Celsius was the victim of a data leak concerning part of its customers, due to an incident involving a service provider. Emails were extracted.
Things are not going well for the Celsius platform, which specializes in cryptocurrencies. One might even think that it is getting worse and worse. The site, which has already had to declare bankruptcy, and which is clearly unable to return the money due to everyone, was this time the victim of a computer incident. Data was collected and then disseminated without authorization.
The Incident has been reported on Twitter on July 28 on the account run by Celsians, which relays Celsius news. ” We are writing to inform you that we have recently been notified by our supplier Customer.io that one of their employees has accessed a list of Celsius customer email addresses held on their platform and deleted them to a third party. »
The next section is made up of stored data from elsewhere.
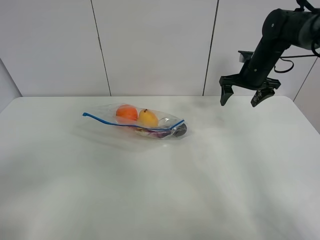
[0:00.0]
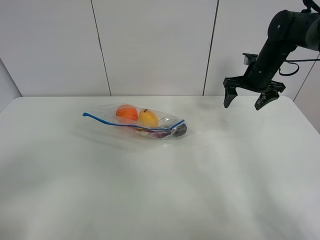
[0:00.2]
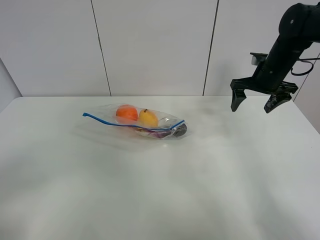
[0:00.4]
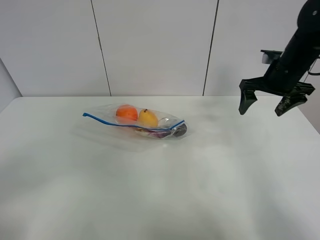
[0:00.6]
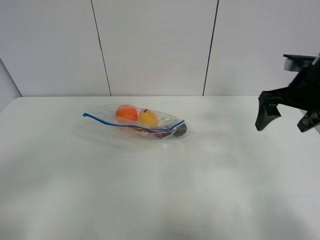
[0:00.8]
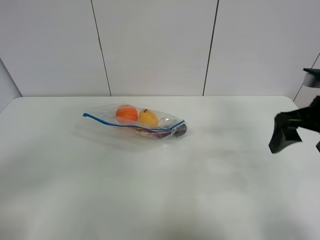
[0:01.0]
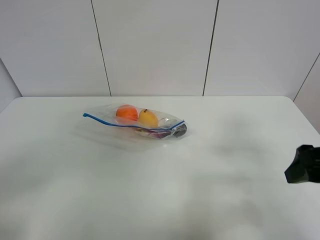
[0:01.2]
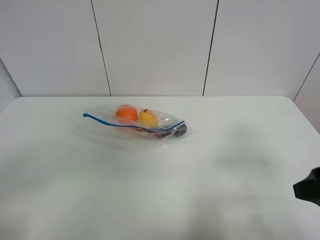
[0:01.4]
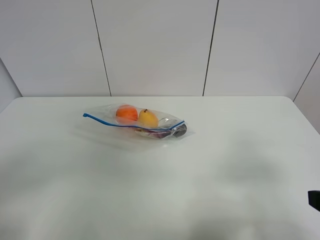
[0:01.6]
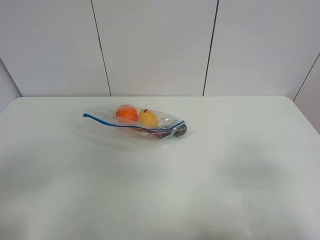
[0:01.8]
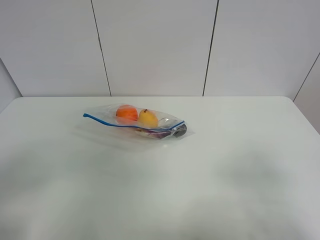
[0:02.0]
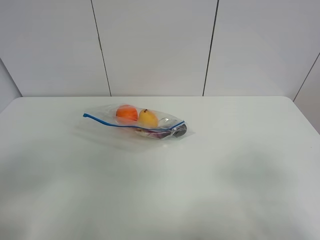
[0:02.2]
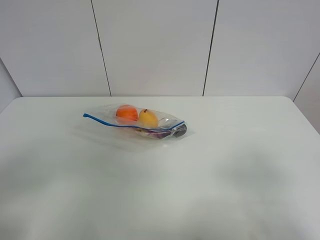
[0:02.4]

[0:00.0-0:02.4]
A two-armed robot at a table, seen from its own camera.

Emails from customers wander in nature. Beware of phishing
It appears, in the current state of the investigations accelerated by Celsius and Client, that only the e-mail addresses were compromised. Clearly, a Customer employee accessed a Celsius customer email list that was on the provider’s platform — Customer is an email platform that Celsius works with.
This employee then forwarded said list to a malicious third party. It is not clear if this sending resulted in an error or if it was made. Still, the leak would be limited to emails only – even if the first and last name can still be found, if they appear in the identifier. No other information was exposed, Celsius said.
” We are not discussing that the incident poses risks to our customers whose email addresses may have been affected, but we are disseminating this communication to ensure that you are aware », Celsius claims in his post, released at the end of July. A questionable assertion, because these emails can be used for phishing campaigns.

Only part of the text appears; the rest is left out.